To me, this feels very much like a strip that was originally going to do some kind of wordplay on the polysemic nature of “alarmed” — “it was alarmed” … “the door was alarmed?” … “no, [something funnier] was alarmed” — but then gave up on figuring out what [something funnier] might be and just did a “quiet quitting” joke instead with out even going back and reworking the dialogue that led up to it. Frankly, I kind of enjoy the idea that the narrative voice for Dustin (the comic strip) has boundless contempt for Dustin (the character) and yet both do the most half-assed job possible in any situation.

Mary Worth, 7/22/24

Love the way Mary is holding her hands at the ready in the second panel. She’s prepared to clap if these two manage to actually do a good job with this song, but she hasn’t been fully convinced yet.

Suburban Fairy Tales, 7/22/24

Don’t worry, Little Pig #2! Hay fever is the layperson’s term for allergy-induced rhinitis, and it is not contagious. I guess this sort of ignorance of the respiratory system explains why you built a feeble house made of out of sticks despite your primary predator using his powerful lungs as a hunting mechanism.

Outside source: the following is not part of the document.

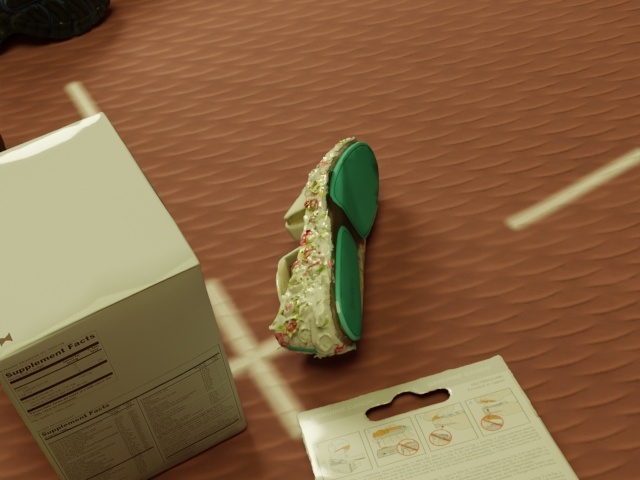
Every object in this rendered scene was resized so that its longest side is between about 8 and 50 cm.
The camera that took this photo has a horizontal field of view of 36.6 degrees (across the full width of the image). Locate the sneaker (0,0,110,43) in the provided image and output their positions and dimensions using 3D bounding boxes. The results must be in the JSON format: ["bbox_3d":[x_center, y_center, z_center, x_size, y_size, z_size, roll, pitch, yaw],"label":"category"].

[HA HA WHOOPS I MISREAD THIS BECAUSE MY BRAIN WAS ALREADY WRITING THIS JOKE AS I WAS PROCESSING THE SENTENCE, SORRY EVERYBODY I AM ASHAMED]

Gil Thorp, 7/22/24

I think we can agree that doctors and cops are, if not jocks, then at least jock-adjacent, which it was why it was groundbreaking when characters from Rex Morgan, M.D. and Dick Tracy did the nerdiest thing possible (go to a comics convention). But now, with this wacky Gil Thorp summer storyline, we’re going to see pure unadulterated jock-nerd convergence. God help us all!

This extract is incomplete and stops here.